Ingredients
- 1 cup butter, melted and cooled
- 2 Tbsp vegetable oil
- 1 1/4 cups sugar
- 1 cup packed brown sugar
- 4 eggs, at room temperature
- 1 Tbsp vanilla
- 3/4 tsp salt
- 1 cup flour
- 1 cup unsweetened cocoa powder
- 7 oz roughly chopped semi-sweet chocolate or semi-sweet chocolate chunks
Instructions
- Preheat oven to 350 degrees.
- Lightly grease an 8×12-inch baking pan* with cooking oil spray. Line with parchment paper (or baking paper); set aside.

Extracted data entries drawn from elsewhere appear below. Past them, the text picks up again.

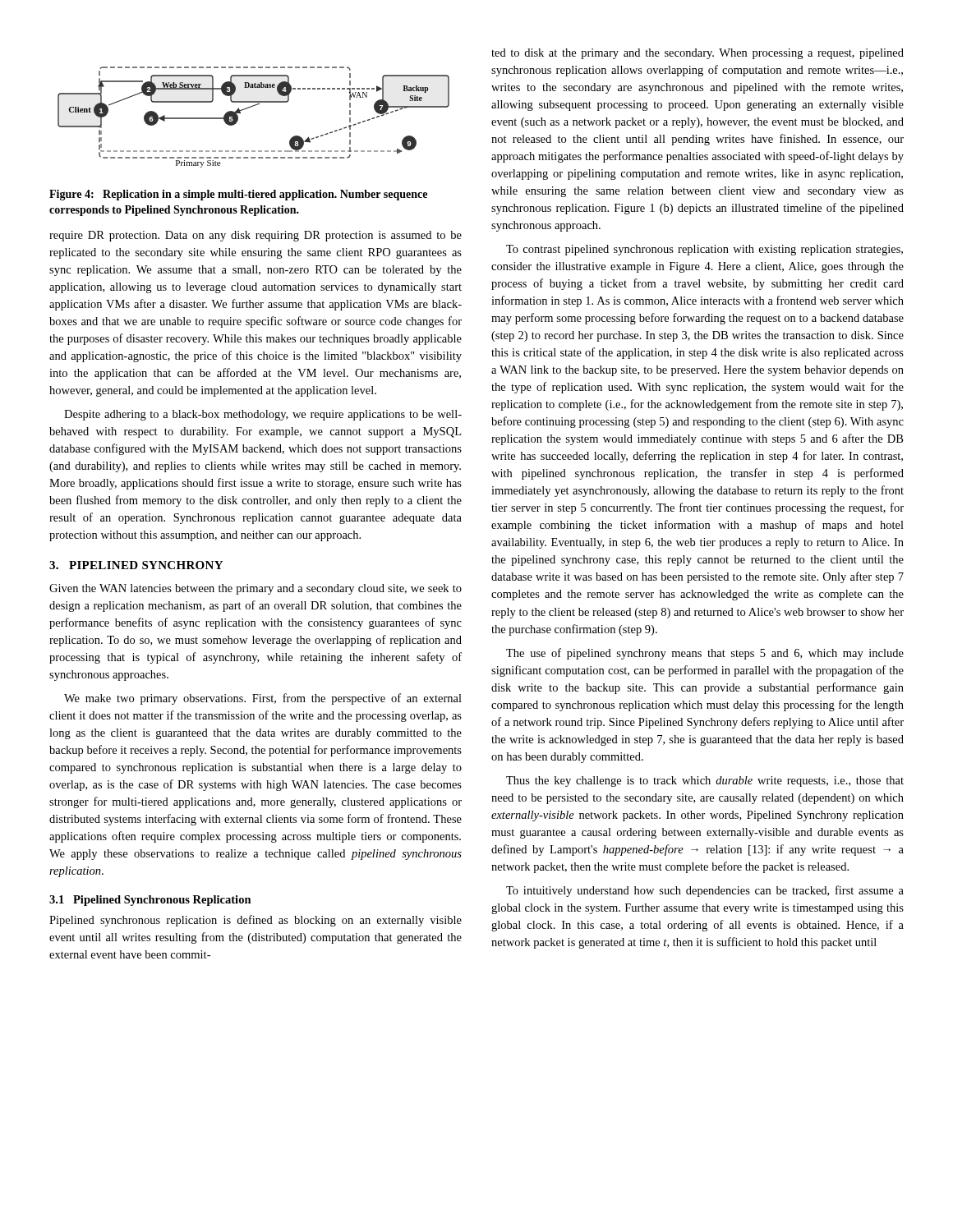The width and height of the screenshot is (953, 1232).
Task: Point to the text block starting "3. PIPELINED SYNCHRONY"
Action: tap(136, 565)
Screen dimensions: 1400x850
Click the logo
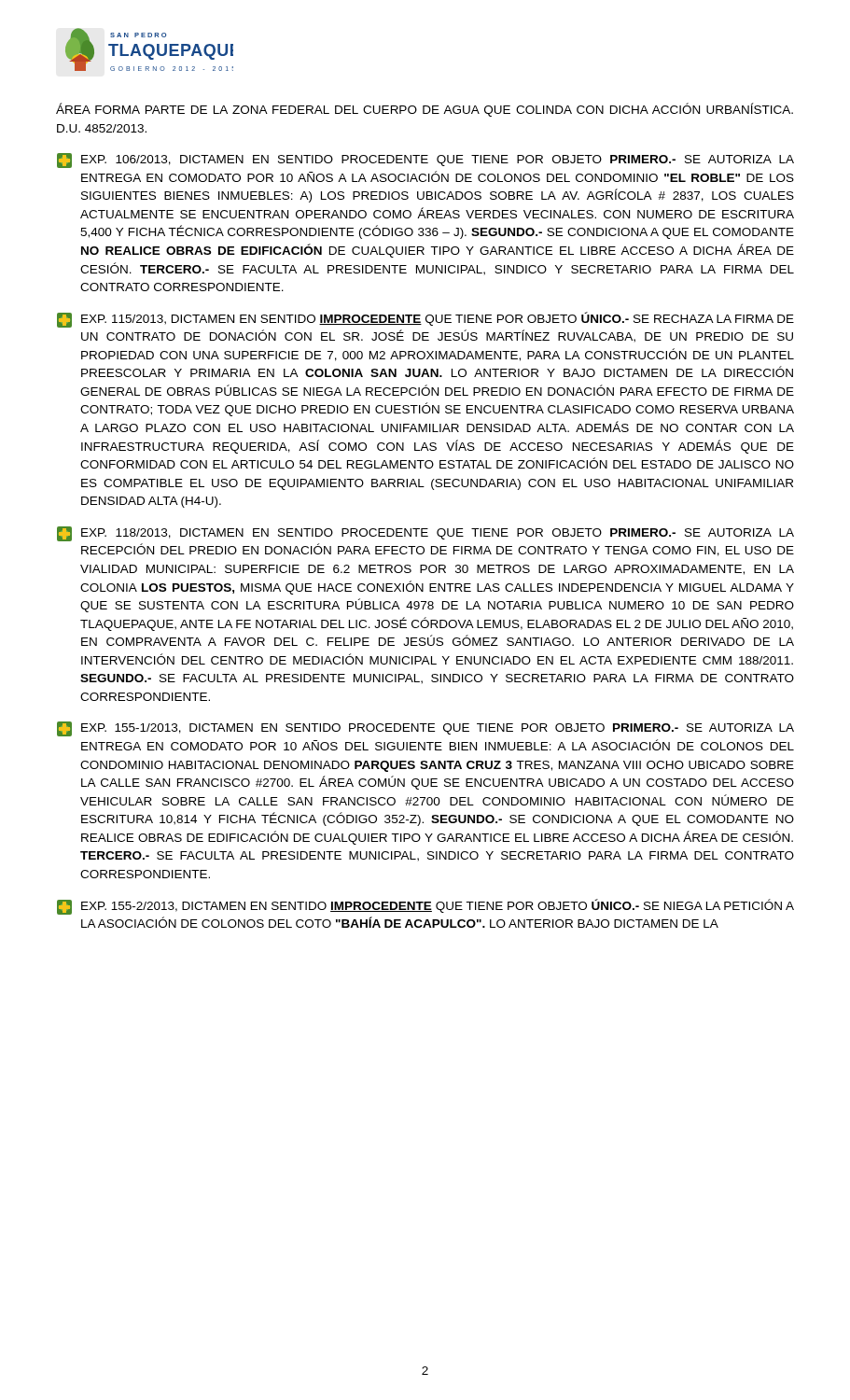149,55
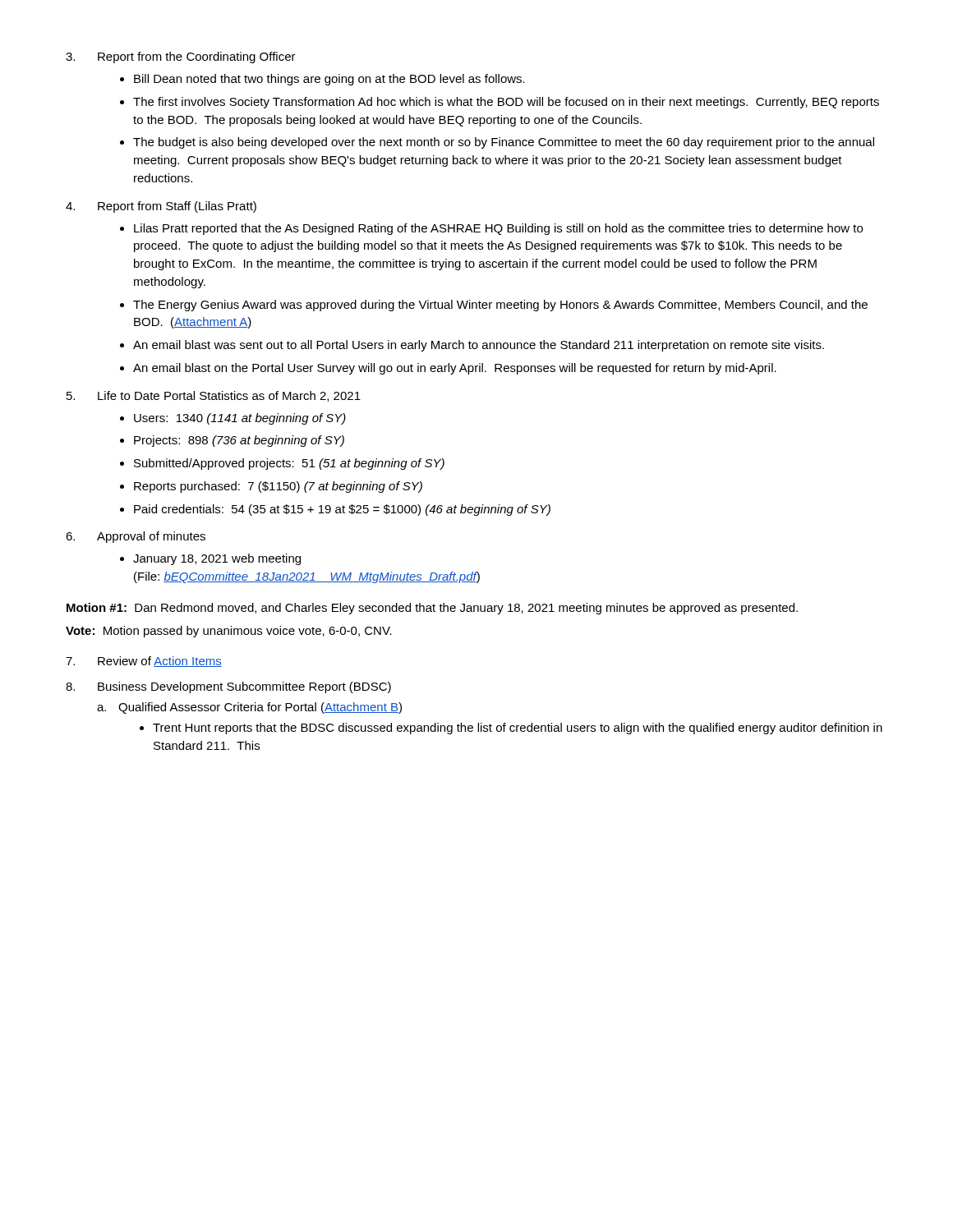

- In another bowl, sift the flour, cocoa powder and salt. Gently fold the dry ingredients into the wet ingredients until JUST combined (do NOT over combine).
- Fold in 3/4 of the chocolate pieces. Pour batter into prepared pan, smoothing the top out evenly, and then sprinkle with remaining chocolate pieces.
- Bake at 350 degrees for 25-35 minutes for just under-done brownies (until the center of the brownies no longer jiggle).
- Allow to cool in the pan for 15-20 minutes. Then carefully remove them out of the pan and allow to cool to room temperature before slicing into 16 brownies.